◆ **DIRECTIONS FOR THIS TASK**:
Reproduce the full listing as it stands. Images do not belong in the copy.

◆ **RECORD EXTRACTS**:
=======
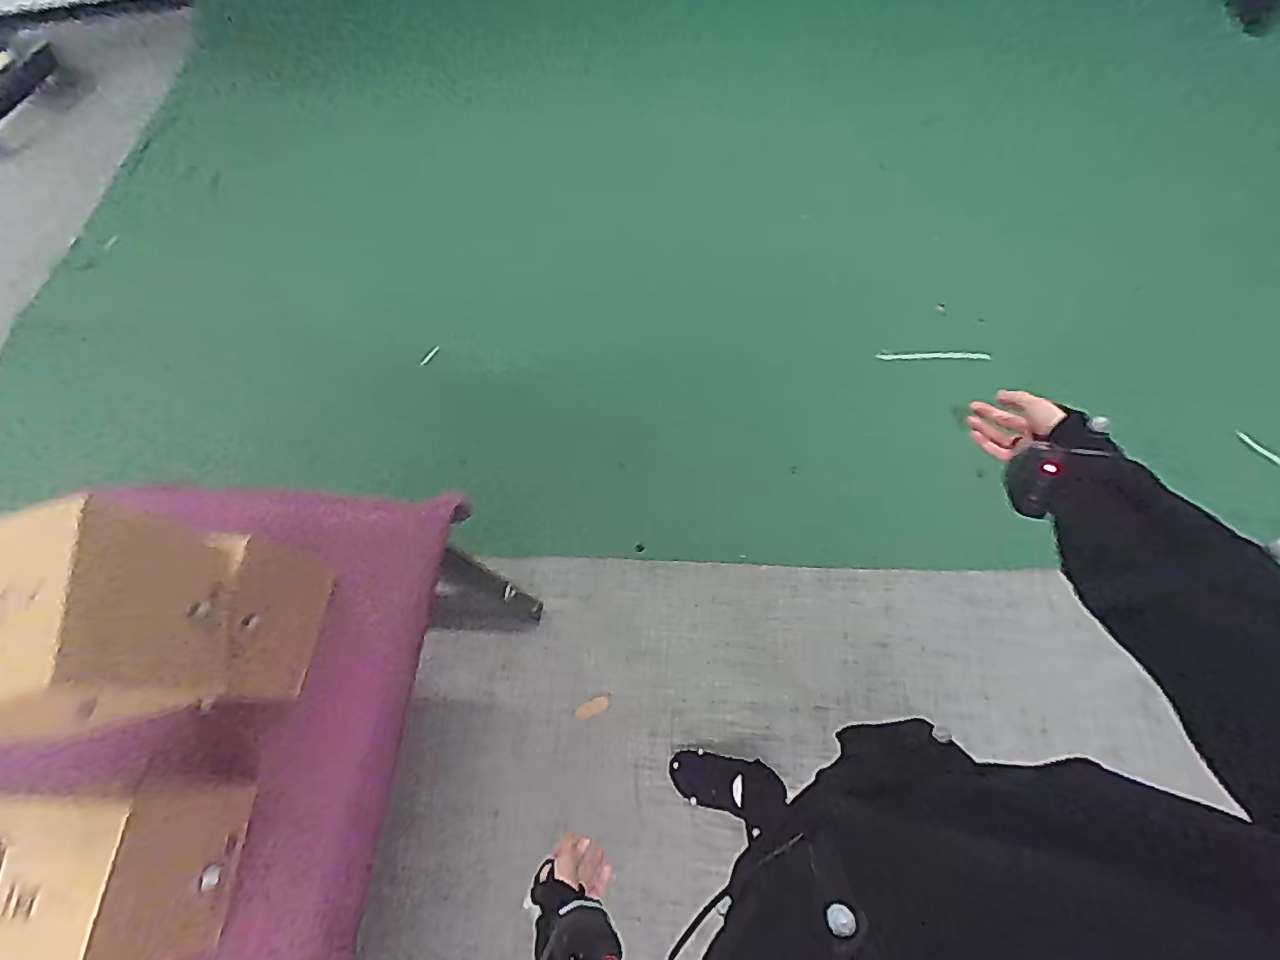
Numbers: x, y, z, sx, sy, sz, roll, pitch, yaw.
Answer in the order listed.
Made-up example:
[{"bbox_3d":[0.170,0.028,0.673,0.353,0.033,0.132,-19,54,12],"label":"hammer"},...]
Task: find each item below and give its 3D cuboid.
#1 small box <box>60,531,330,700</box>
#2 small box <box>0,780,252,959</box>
[{"bbox_3d":[-0.530,0.175,0.676,0.168,0.176,0.179,3,67,9],"label":"small box"},{"bbox_3d":[-0.573,0.423,0.574,0.179,0.176,0.168,-2,67,6],"label":"small box"}]
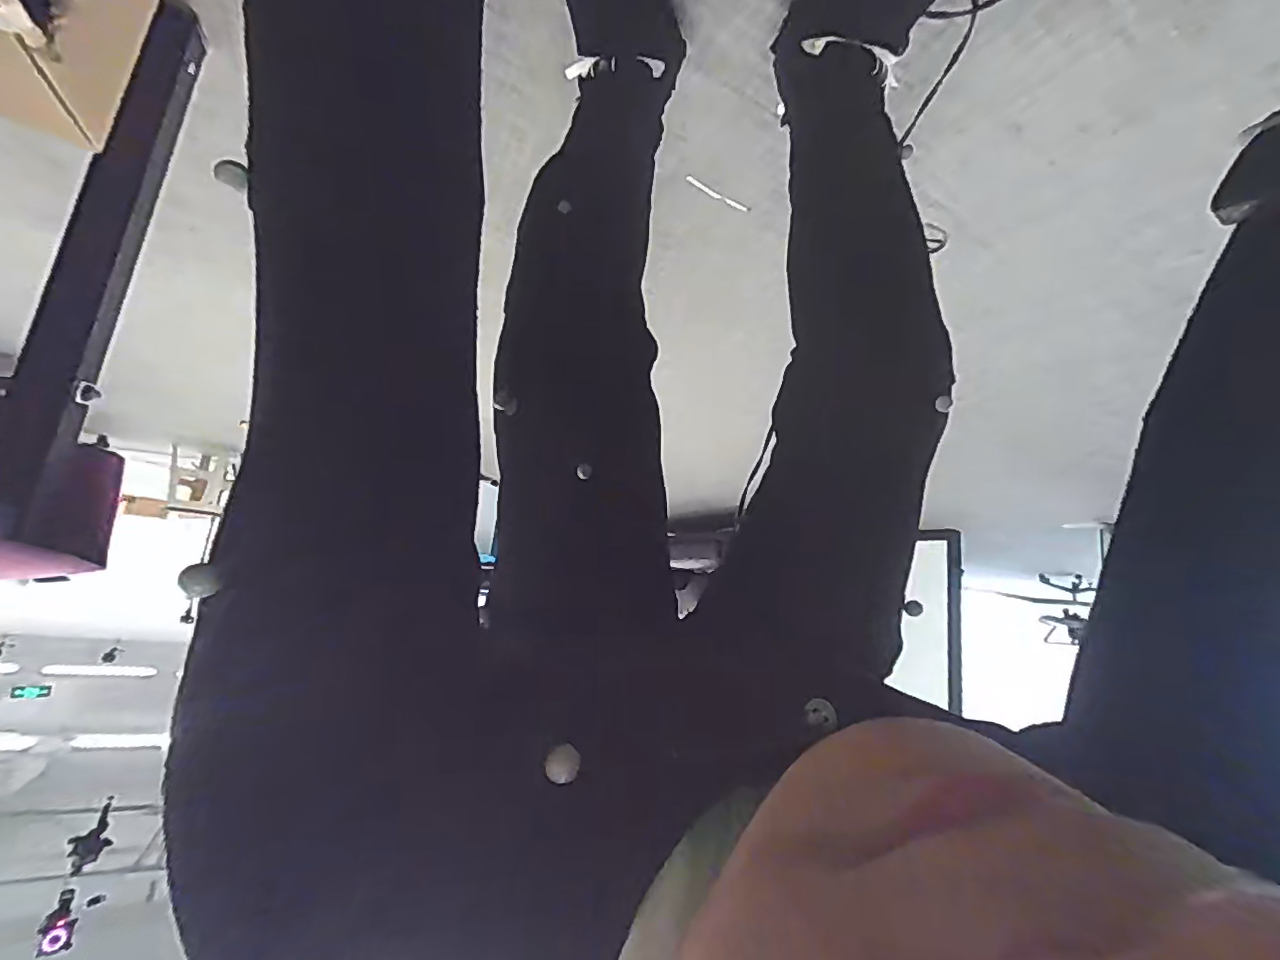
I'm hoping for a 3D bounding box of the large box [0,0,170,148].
=======
◆ **SOLUTION TO THE EXERCISE**:
Numbers: x, y, z, sx, sy, sz, roll, pitch, yaw.
Answer in the order listed.
Made-up example:
[{"bbox_3d":[0.170,0.028,0.673,0.353,0.033,0.132,-19,54,12],"label":"hammer"},...]
Task: find each item below and give its 3D cuboid.
#1 small box <box>60,531,330,700</box>
#2 small box <box>0,780,252,959</box>
[{"bbox_3d":[-0.530,0.175,0.676,0.168,0.176,0.179,3,67,9],"label":"small box"},{"bbox_3d":[-0.573,0.423,0.574,0.179,0.176,0.168,-2,67,6],"label":"small box"}]
I'm hoping for a 3D bounding box of the large box [0,0,170,148].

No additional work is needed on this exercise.